Personal information
- Full name: Petr Romashkin
- National team: Uzbekistan
- Born: 5 July 1989 (age 37) Tashkent, Uzbek SSR, Soviet Union
- Height: 1.85 m (6 ft 1 in)
- Weight: 70 kg (154 lb)

Sport
- Sport: Swimming
- Strokes: Freestyle

= Petr Romashkin =

Uzbekistani swimmer (born 1989)

Petr Romashkin (Пётр Ромашкин; born July 5, 1989) is an Uzbek swimmer, who specializes in sprint freestyle events. He was selected to compete for the Uzbek swimming squad at the 2008 Summer Olympics, placing himself in the top 60 of the men's 100 m freestyle.

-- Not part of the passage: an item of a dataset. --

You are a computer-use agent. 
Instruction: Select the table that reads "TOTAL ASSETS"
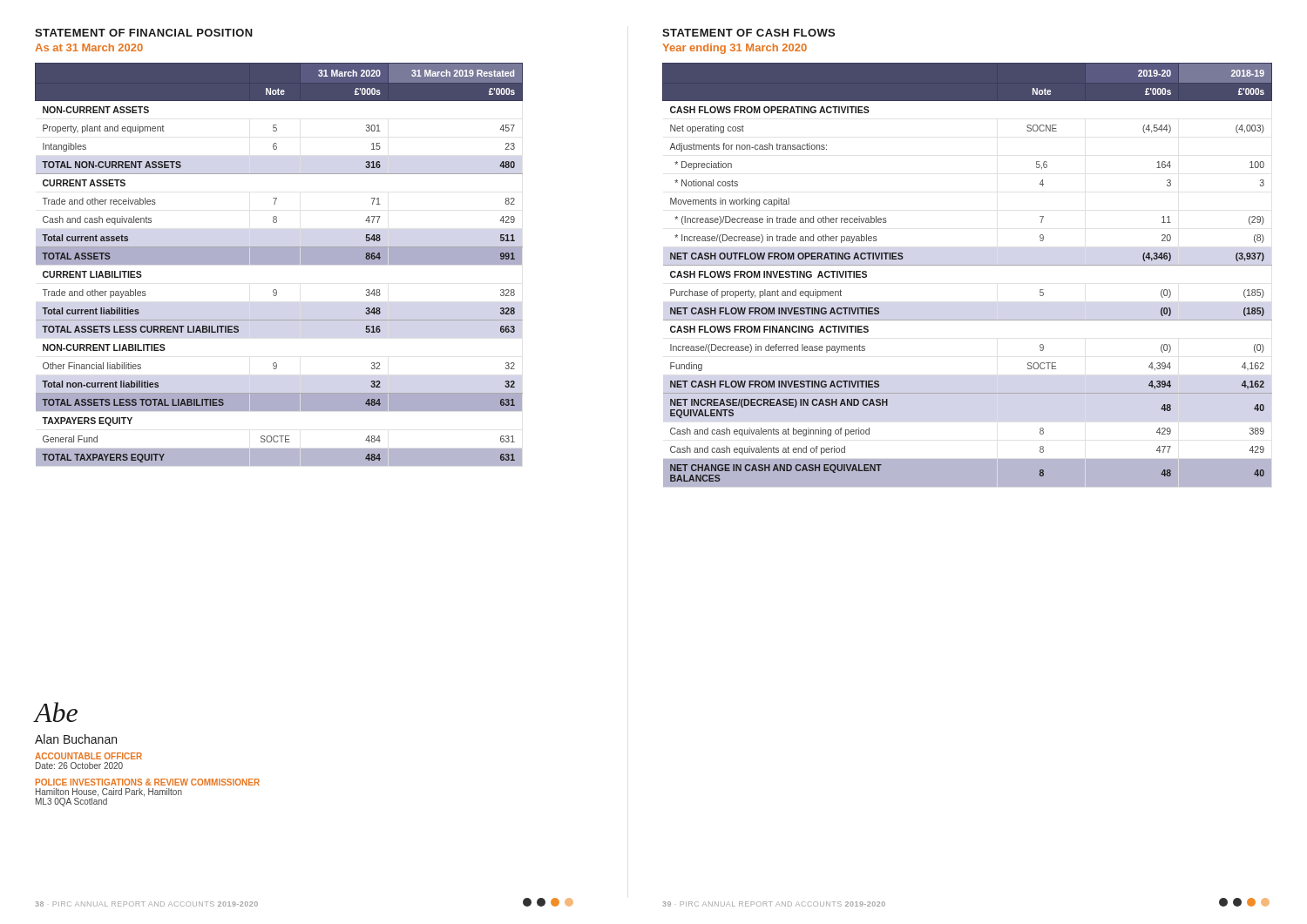point(279,265)

Romashkin qualified for the men's 100 m freestyle at the 2008 Summer Olympics in Beijing by clearing a FINA B-standard entry time of 50.92 from the Russian Open Swimming Championships in Saint Petersburg. He challenged seven other swimmers on the third heat, including 16-year-olds Virdhawal Khade of India and Christopher Duenas of Guam. Romashkin raced to sixth place by three hundredths of a second (0.03) behind South Korea's Lim Nam-Gyun in a time of 51.83 seconds. Romashkin failed to advance into the semifinals, as he placed fifty-fifth out of 64 swimmers in the preliminary heats.